Roukaya, Chad. La niña refugiada que olvidó qué era la comida
Chad acoge a 1,1 millones de refugiados; muchos de ellos, como es el caso de Roukaya, una nigeriana de 11 años, llegaron huyendo de la violencia del grupo terrorista Boko Haram. Lleva ya cuatro años en el campo de Dar es Salam y apenas recuerda a qué sabe su comida favorita: los macarrones.
Sentada sobre una estera a la sombra de un toldo de ramas, Roukaya, de 11 años, frunce el ceño porque no entiende la pregunta. “¿Que qué como? Pues comida normal”, responde, perpleja. A lo que esta niña se refiere es que desayuna, almuerza y cena gachas de mijo. Ha pasado tanto tiempo desde su vida anterior que ya se le ha olvidado que sobre la mesa puede haber algo más.
Cuatro años antes, Roukaya vivía en un pueblo del Estado nigeriano de Borno, fronterizo con Chad, Camerún y Níger. Hoy, su familia y ella ocupan una de las miles de tiendas fabricadas con palos y lonas blancas de plástico en el campo de refugiados de Dar es Salam, situado en el distrito chadiano de Baga Sola, en la misma región donde se ubica el lago que toma el nombre de este país.

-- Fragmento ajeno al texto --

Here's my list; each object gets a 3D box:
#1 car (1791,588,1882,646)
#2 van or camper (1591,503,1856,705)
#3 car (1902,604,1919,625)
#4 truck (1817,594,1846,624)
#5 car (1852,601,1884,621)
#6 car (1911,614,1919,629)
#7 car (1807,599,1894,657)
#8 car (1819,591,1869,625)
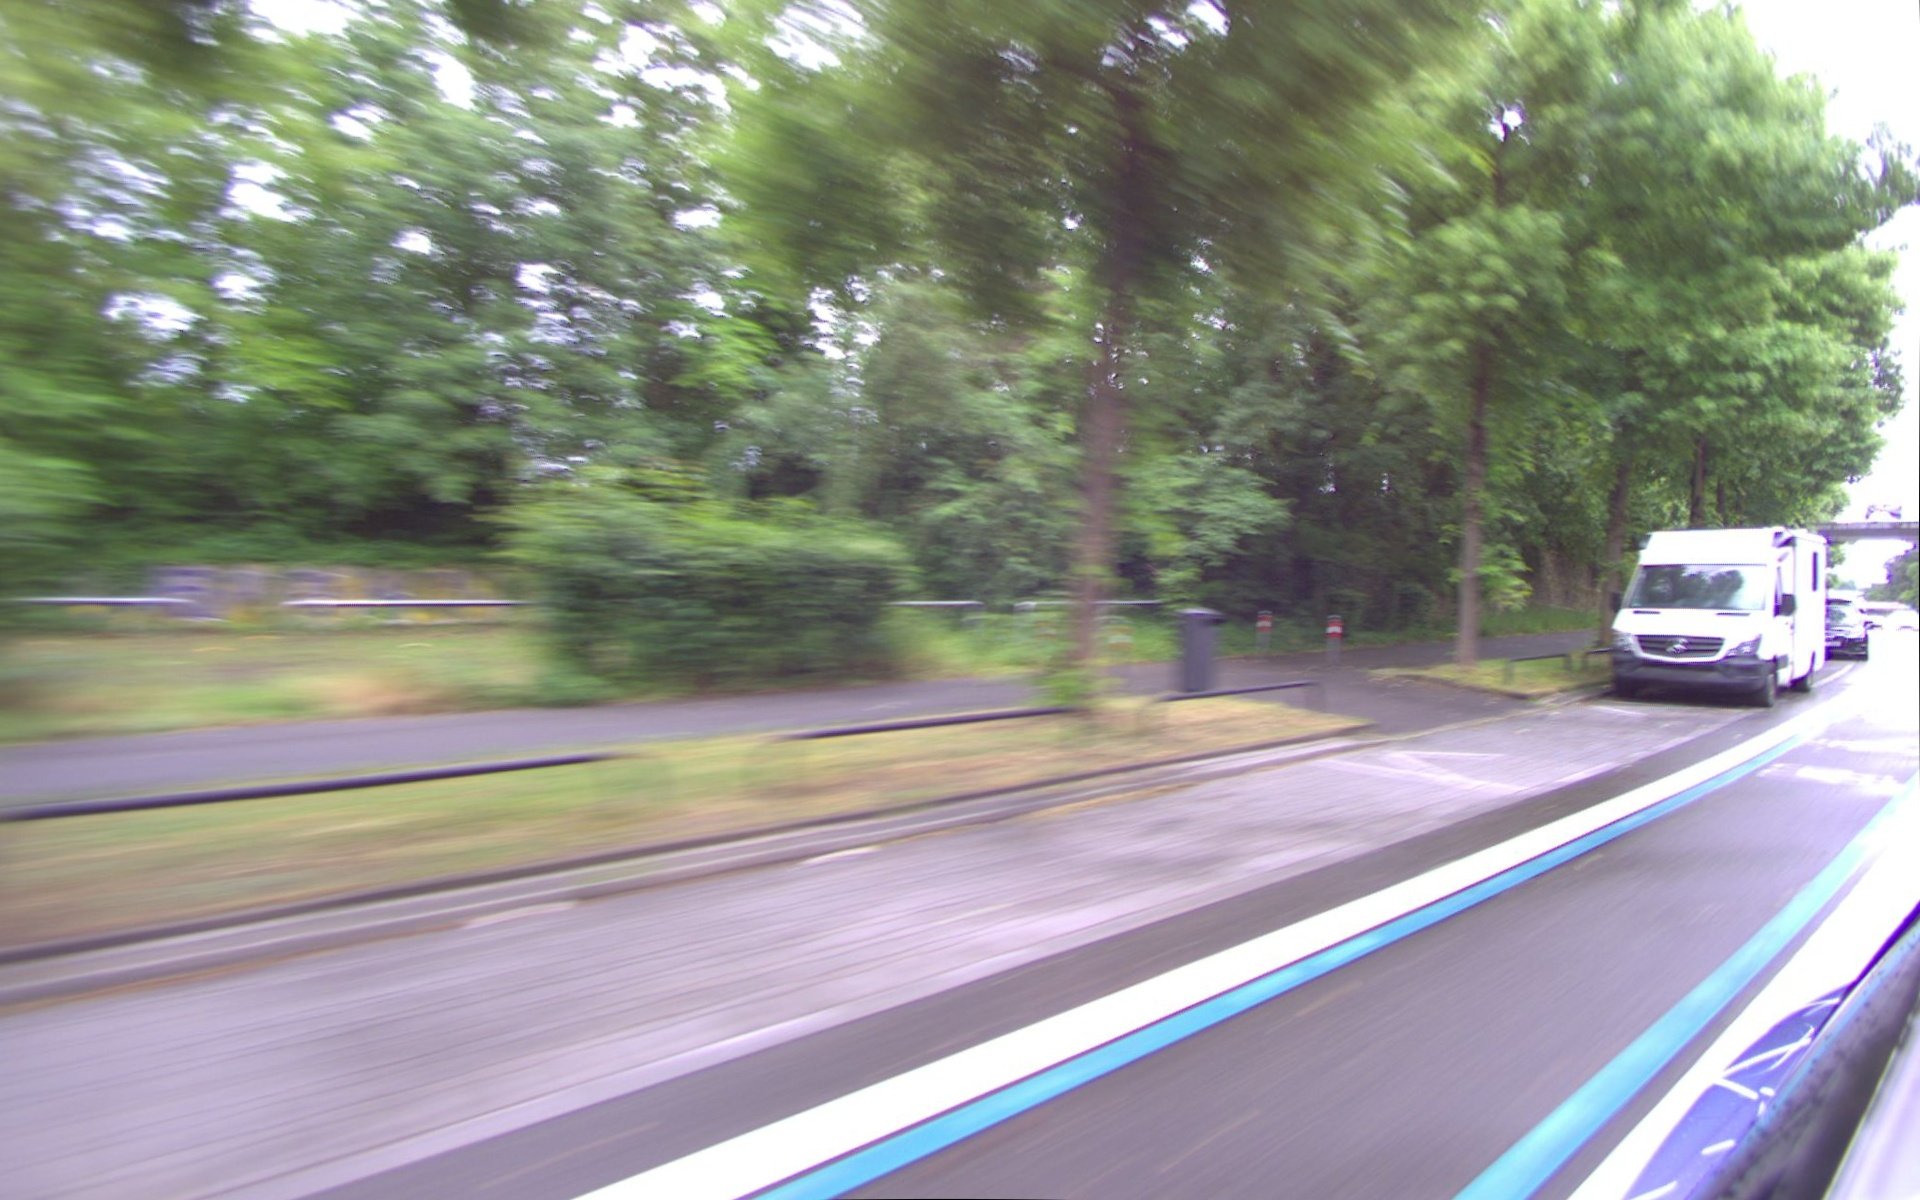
[{"bbox_3d":[27.434,0.504,31.632,1.992,1.666,4.282,-2,-1,42],"label":"car"},{"bbox_3d":[12.622,0.052,16.509,6.272,2.698,2.320,0,0,-42],"label":"van or camper"},{"bbox_3d":[71.879,1.125,75.759,1.821,1.481,3.824,0,-2,40],"label":"car"},{"bbox_3d":[70.738,0.755,82.216,1.717,2.363,3.941,1,-1,40],"label":"truck"},{"bbox_3d":[71.416,0.870,79.639,1.719,1.416,4.523,1,-1,40],"label":"car"},{"bbox_3d":[104.707,2.349,109.774,1.969,1.571,3.813,1,0,40],"label":"car"},{"bbox_3d":[24.476,0.702,27.902,1.676,1.393,3.942,1,2,40],"label":"car"},{"bbox_3d":[44.096,0.368,50.523,1.711,1.639,4.200,1,1,39],"label":"car"}]

Estos cuatro países comparten un trasiego interminable de personas. Chad acoge a 1,1 millones, indican los datos más recientes de la agencia de la ONU para los refugiados (Acnur). Los desplazados suponen la mitad de los 700.000 habitantes que viven en Baga Sola, de los que 18.620 están registrados en Dar es Salam, según Mahamat Ali Tchari, representante gubernamental en el campo.
Una de las razones que ha motivado a tantos a dejar su hogar es escapar de la violencia del grupo terrorista Boko Haram. Nació y se hizo fuerte en Borno, lugar de origen de Roukaya, y desde 2009 se expande por el Sahel, incendiando pueblos y asesinando a quienes no se unen a su causa: establecer la ley islámica en los territorios que controlan.
Chad también es uno de los países más vulnerables al cambio climático y sufre una rápida desertificación que ha reducido su imponente lago al 10% de lo que era hace 40 años. La degradación es tal que ocupa el último lugar de 182 países en el Índice de Adaptación Global de Notre Dame. Las sequías primero y las inundaciones después han esquilmado los cultivos, hasta el punto de que 2,1 millones de personas necesitan ayuda humanitaria urgente. El 10,9% de los menores de cinco años, que son alrededor de 1,3 millones de criaturas, padecen desnutrición aguda y el 2% presentan su forma más severa: cuando el peso cae al menos un 30% por debajo de lo que debería y el riesgo de muerte se multiplica.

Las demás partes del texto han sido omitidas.